Du 13 juin [1746]
Il me serait bien peu séant, monsieur, qu'ayant fait le Temple de la gloire pour un roi qui en a tant acquis, et non pour l'opéra, auquel ce genre de spectacle trop grave et trop peu voluptueux ne peut convenir, je prétendisse à la moindre rétribution et à la moindre partie de ce qu'on donne d'ordinaire à ceux qui travaillent pour le théâtre de l'académie de musique.

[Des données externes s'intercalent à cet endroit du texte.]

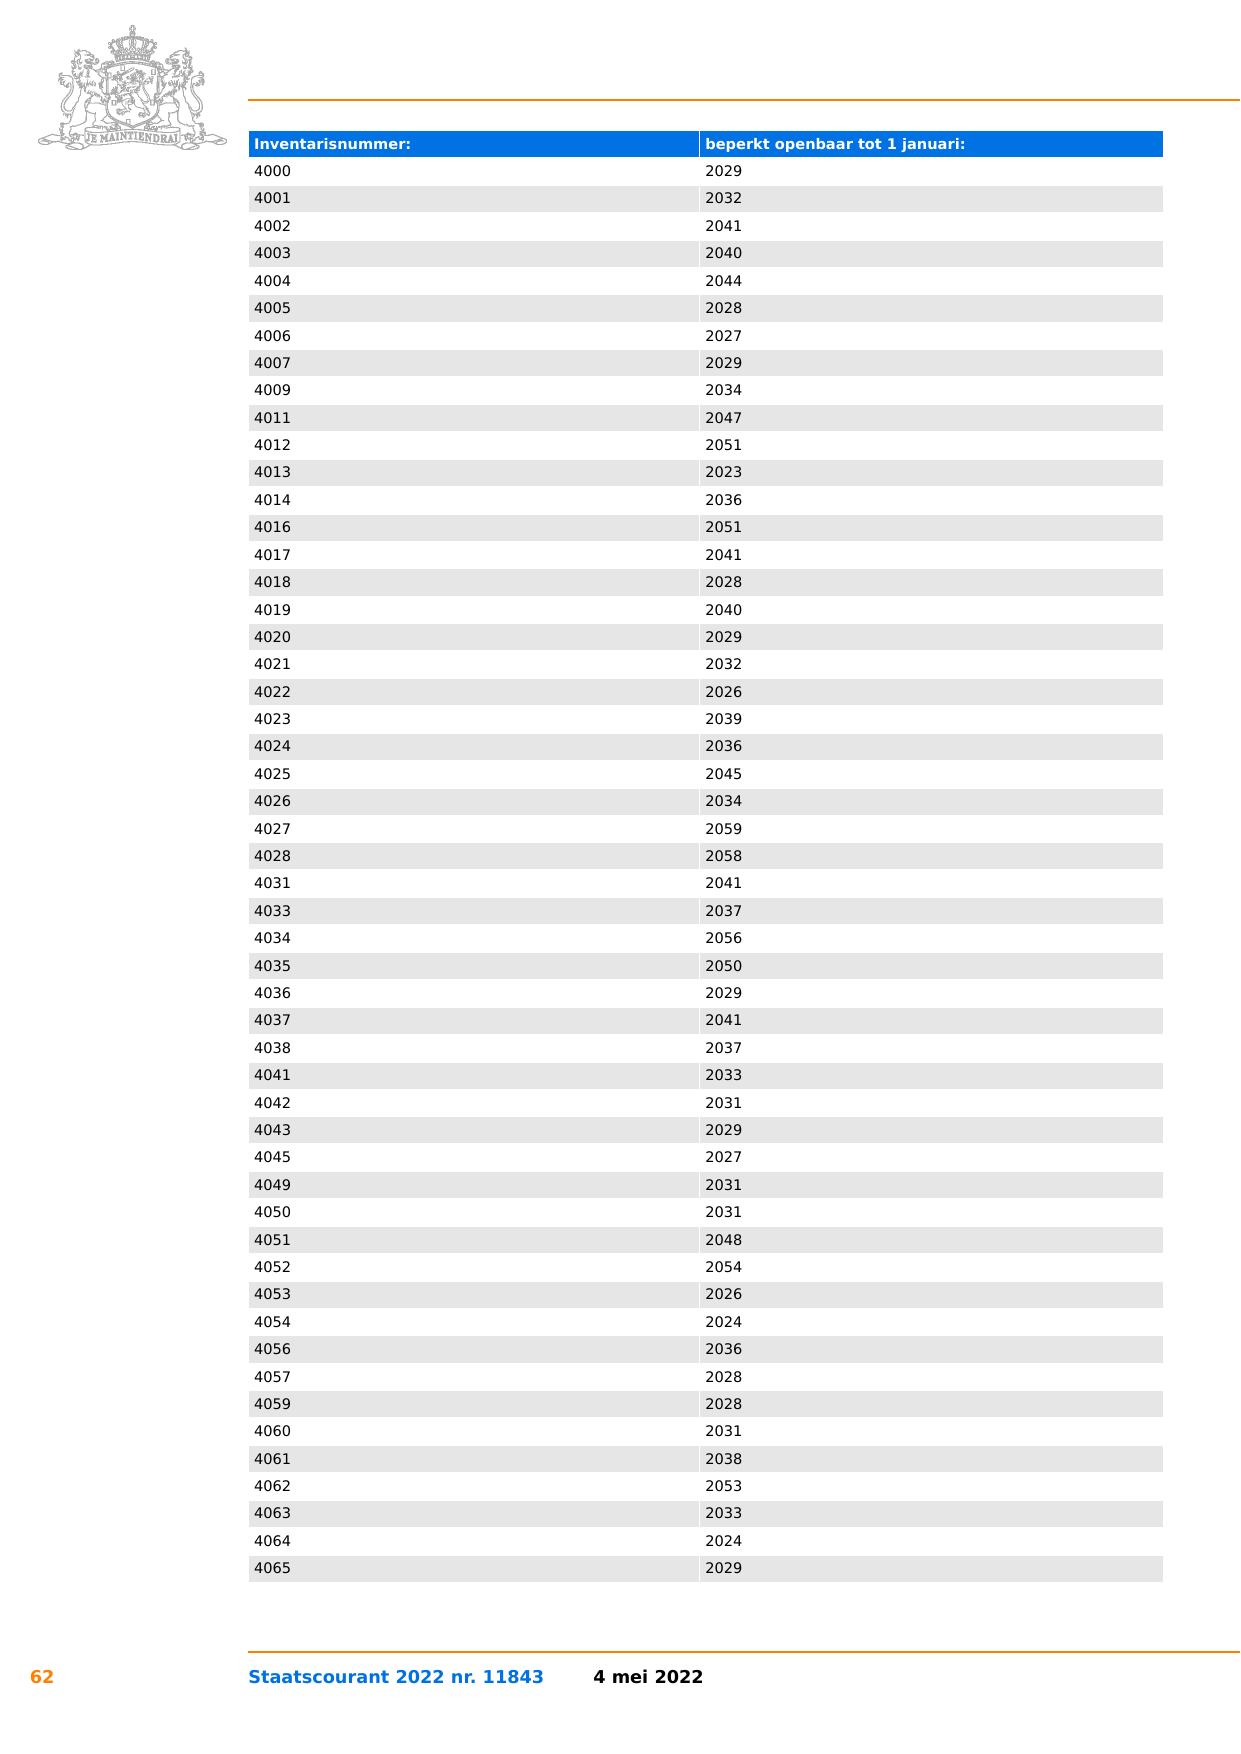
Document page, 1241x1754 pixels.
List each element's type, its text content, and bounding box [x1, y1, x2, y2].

table_cell 4014 [249, 487, 699, 513]
table_cell 2026 [700, 679, 1163, 705]
table_cell 4053 [249, 1282, 699, 1308]
table_cell 2040 [700, 241, 1163, 267]
table_cell 4051 [249, 1227, 699, 1253]
table_cell 4038 [249, 1035, 699, 1061]
table_cell 4016 [249, 515, 699, 541]
table_cell 4000 [249, 158, 699, 185]
table_cell 4036 [249, 980, 699, 1007]
table_cell 4062 [249, 1473, 699, 1500]
table_header beperkt openbaar tot 1 januari: [700, 131, 1163, 157]
table_cell 2029 [700, 350, 1163, 376]
table_cell 4050 [249, 1199, 699, 1226]
table_cell 2029 [700, 1556, 1163, 1582]
table_cell 4007 [249, 350, 699, 376]
table_cell 2028 [700, 1391, 1163, 1417]
table_cell 2037 [700, 898, 1163, 924]
table_cell 4060 [249, 1419, 699, 1445]
table_cell 4024 [249, 734, 699, 760]
table_cell 4041 [249, 1063, 699, 1089]
table_cell 4034 [249, 925, 699, 952]
table_cell 2036 [700, 734, 1163, 760]
table_cell 2037 [700, 1035, 1163, 1061]
table_cell 2045 [700, 761, 1163, 787]
table_cell 2031 [700, 1419, 1163, 1445]
table_cell 2034 [700, 789, 1163, 815]
table_cell 2059 [700, 816, 1163, 842]
table_cell 2024 [700, 1528, 1163, 1554]
table_cell 4004 [249, 268, 699, 294]
table_cell 2041 [700, 213, 1163, 239]
table_cell 2027 [700, 323, 1163, 349]
table_cell 2041 [700, 542, 1163, 568]
table_cell 2036 [700, 487, 1163, 513]
table_cell 2028 [700, 1364, 1163, 1390]
table_cell 4061 [249, 1446, 699, 1472]
table_cell 4043 [249, 1117, 699, 1143]
table_cell 2033 [700, 1063, 1163, 1089]
table_cell 2053 [700, 1473, 1163, 1500]
table_cell 4025 [249, 761, 699, 787]
table_cell 2036 [700, 1336, 1163, 1363]
table_cell 2028 [700, 569, 1163, 596]
table_cell 4052 [249, 1254, 699, 1281]
table_cell 2047 [700, 405, 1163, 431]
table_cell 2031 [700, 1172, 1163, 1198]
table_cell 2029 [700, 1117, 1163, 1143]
table_cell 4056 [249, 1336, 699, 1363]
table_cell 2044 [700, 268, 1163, 294]
table_cell 4021 [249, 651, 699, 678]
table_cell 4033 [249, 898, 699, 924]
table_cell 4005 [249, 295, 699, 322]
table_cell 2032 [700, 186, 1163, 212]
table_cell 2024 [700, 1309, 1163, 1335]
table_cell 4064 [249, 1528, 699, 1554]
table_cell 4037 [249, 1008, 699, 1034]
table_cell 2032 [700, 651, 1163, 678]
table_cell 2041 [700, 871, 1163, 897]
table_cell 4017 [249, 542, 699, 568]
table_cell 4059 [249, 1391, 699, 1417]
table_header Inventarisnummer: [249, 131, 699, 157]
table_cell 4054 [249, 1309, 699, 1335]
table_cell 4002 [249, 213, 699, 239]
table_cell 4042 [249, 1090, 699, 1116]
table_cell 4009 [249, 378, 699, 404]
table_cell 2031 [700, 1090, 1163, 1116]
table_cell 4006 [249, 323, 699, 349]
table_cell 4001 [249, 186, 699, 212]
table_cell 2029 [700, 624, 1163, 650]
table_cell 4011 [249, 405, 699, 431]
table_cell 2028 [700, 295, 1163, 322]
table_cell 2040 [700, 597, 1163, 623]
table_cell 2056 [700, 925, 1163, 952]
table_cell 4057 [249, 1364, 699, 1390]
table_cell 4063 [249, 1501, 699, 1527]
table_cell 4045 [249, 1145, 699, 1171]
table_cell 4026 [249, 789, 699, 815]
table_cell 4028 [249, 843, 699, 869]
table_cell 4019 [249, 597, 699, 623]
table_cell 2051 [700, 432, 1163, 459]
table_cell 2051 [700, 515, 1163, 541]
table_cell 4065 [249, 1556, 699, 1582]
table_cell 2031 [700, 1199, 1163, 1226]
table_cell 4013 [249, 460, 699, 486]
table_cell 2026 [700, 1282, 1163, 1308]
table_cell 4020 [249, 624, 699, 650]
table_cell 4022 [249, 679, 699, 705]
table_cell 2034 [700, 378, 1163, 404]
table_cell 2054 [700, 1254, 1163, 1281]
table_cell 4023 [249, 706, 699, 733]
table_cell 2023 [700, 460, 1163, 486]
table_cell 2048 [700, 1227, 1163, 1253]
table_cell 4035 [249, 953, 699, 979]
table_cell 4003 [249, 241, 699, 267]
table_cell 2039 [700, 706, 1163, 733]
table_cell 4027 [249, 816, 699, 842]
table_cell 2050 [700, 953, 1163, 979]
table_cell 2041 [700, 1008, 1163, 1034]
table_cell 2058 [700, 843, 1163, 869]
picture [38, 25, 227, 150]
table_cell 4049 [249, 1172, 699, 1198]
table_cell 4012 [249, 432, 699, 459]
table_cell 4031 [249, 871, 699, 897]
table_cell 2029 [700, 980, 1163, 1007]
table_cell 2038 [700, 1446, 1163, 1472]
table_cell 2027 [700, 1145, 1163, 1171]
table_cell 4018 [249, 569, 699, 596]
table_cell 2029 [700, 158, 1163, 185]
table_cell 2033 [700, 1501, 1163, 1527]
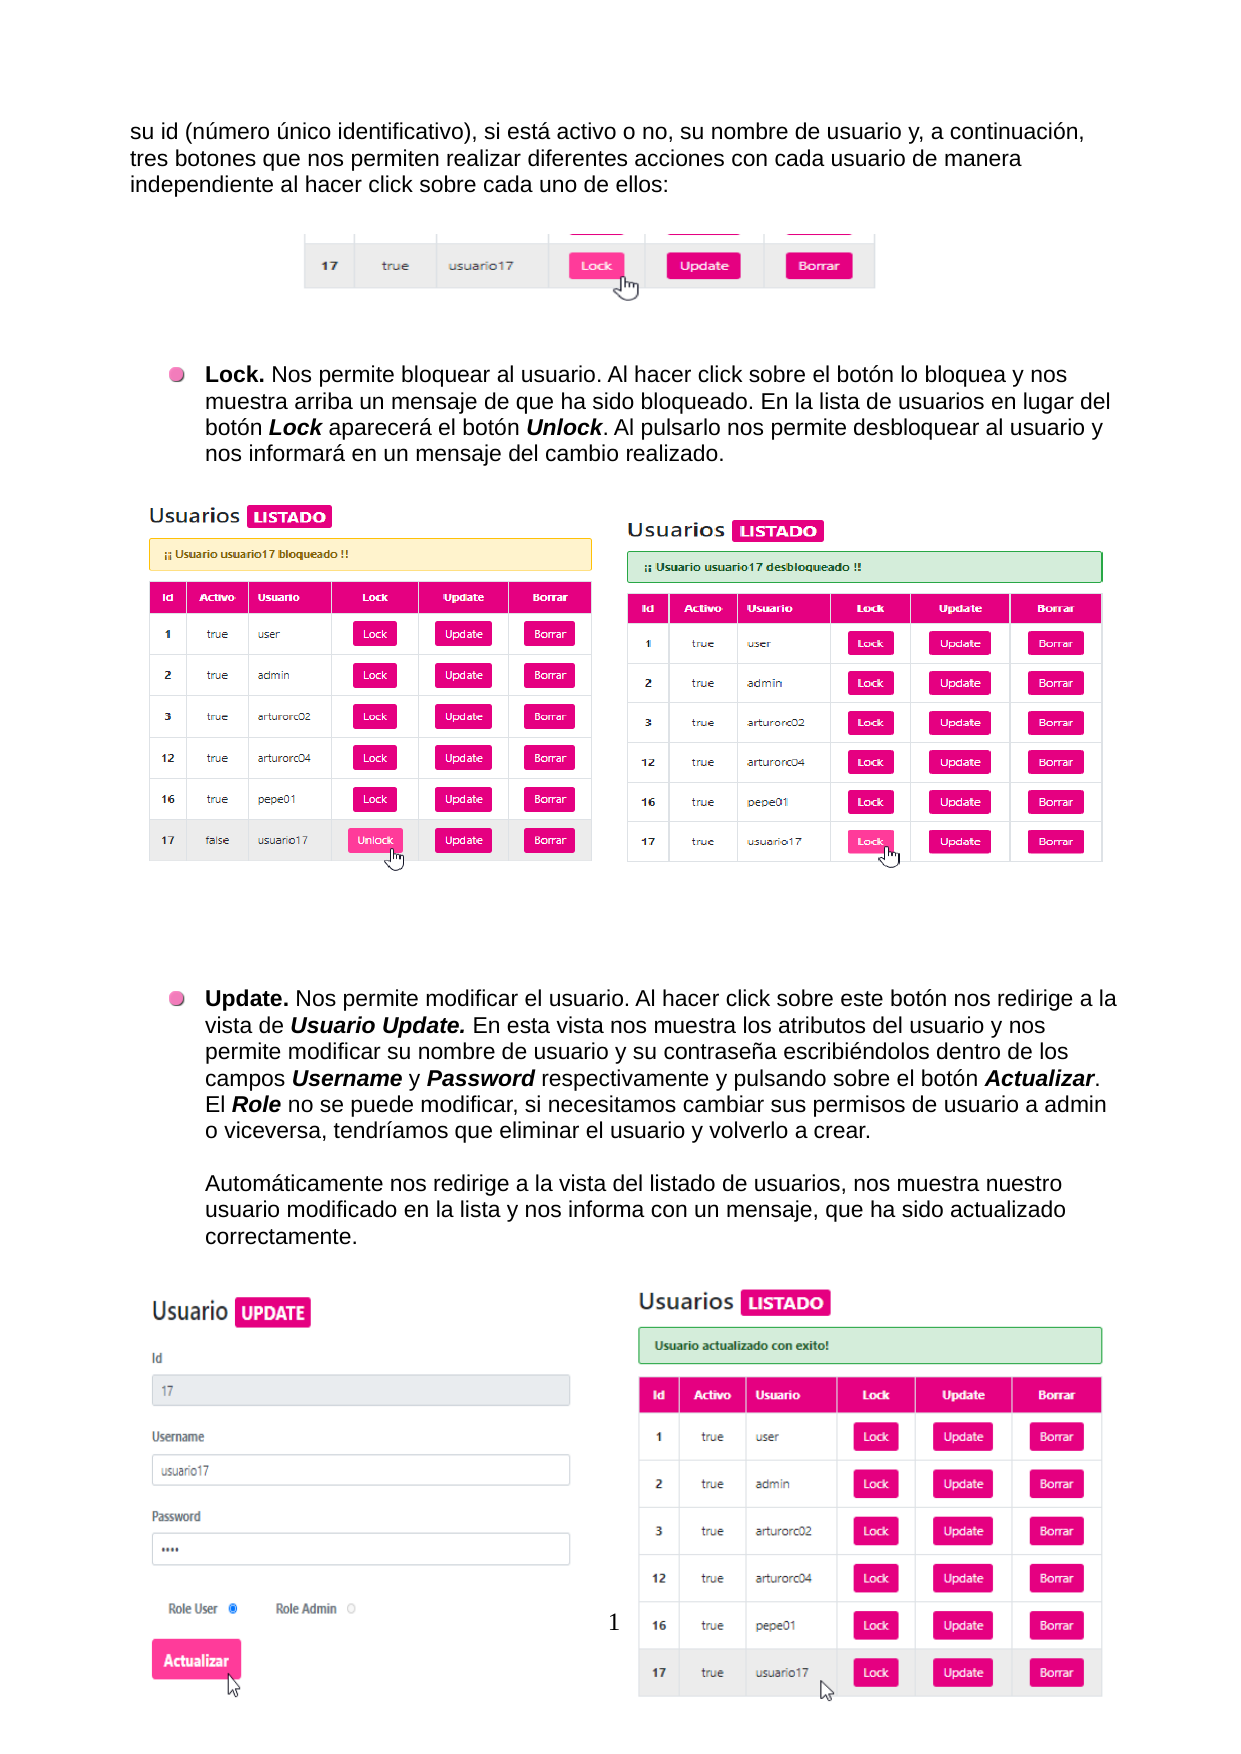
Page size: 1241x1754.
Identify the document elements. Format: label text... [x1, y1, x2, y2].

picture [168, 990, 186, 1007]
list Lock. Nos permite bloquear al usuario. Al hacer click sobre el botón lo bloquea y nos muestra arriba un mensaje de que ha sido bloqueado. En la lista de usuarios en lugar del botón Lock aparecerá el botón Unlock. Al pulsarlo nos permite desbloquear al usuario y nos informará en un mensaje del cambio realizado. [167, 361, 1122, 493]
list Update. Nos permite modificar el usuario. Al hacer click sobre este botón nos redirige a la vista de Usuario Update. En esta vista nos muestra los atributos del usuario y nos permite modificar su nombre de usuario y su contraseña escribiéndolos dentro de los campos Username y Password respectivamente y pulsando sobre el botón Actualizar. El Role no se puede modificar, si necesitamos cambiar sus permisos de usuario a admin o viceversa, tendríamos que eliminar el usuario y volverlo a crear. Automáticamente nos redirige a la vista del listado de usuarios, nos muestra nuestro usuario modificado en la lista y nos informa con un mensaje, que ha sido actualizado correctamente. [167, 985, 1122, 1275]
picture [283, 234, 901, 312]
picture [168, 366, 186, 383]
picture [126, 1291, 590, 1701]
text su id (número único identificativo), si está activo o no, su nombre de usuario y, a continuación, tres botones que nos permiten realizar diferentes acciones con cada usuario de manera independiente al hacer click sobre cada uno de ellos: [130, 118, 1116, 197]
picture [620, 1283, 1122, 1711]
picture [126, 498, 1135, 885]

Le roi a trop daigné me récompenser, et ni ses bontés ni ma manière de penser ne me permettent de recevoir d'autres avantages que ceux qu'il a bien voulu me faire. D'ailleurs la peine que demande la versification d'un ballet est si au dessous de la peine et du mérite du musicien, m. Rameau est si supérieur en son genre, et de plus sa fortune est si inférieure à ses talents, qu'il est juste que la rétribution soit pour lui tout entière. Ainsi, monsieur, j'ai l'honneur de vous déclarer que je ne prétends aucun honoraire; que vous pouvez donner à m. Rameau tout ce dont vous êtes convenu, sans que je forme la plus légère prétention. L'amitié d'un aussi honnête homme que vous, monsieur, et d'un amateur aussi zélé des arts, m'est plus précieuse que tout l'or du monde. J'ai toujours pensé ainsi, et quand je ne l'aurais pas fait, je devrais commencer par vous et par m. Rameau. C'est avec ces sentiments, monsieur, et avec le plus tendre attachement que j'ai l'honneur d'être, &c.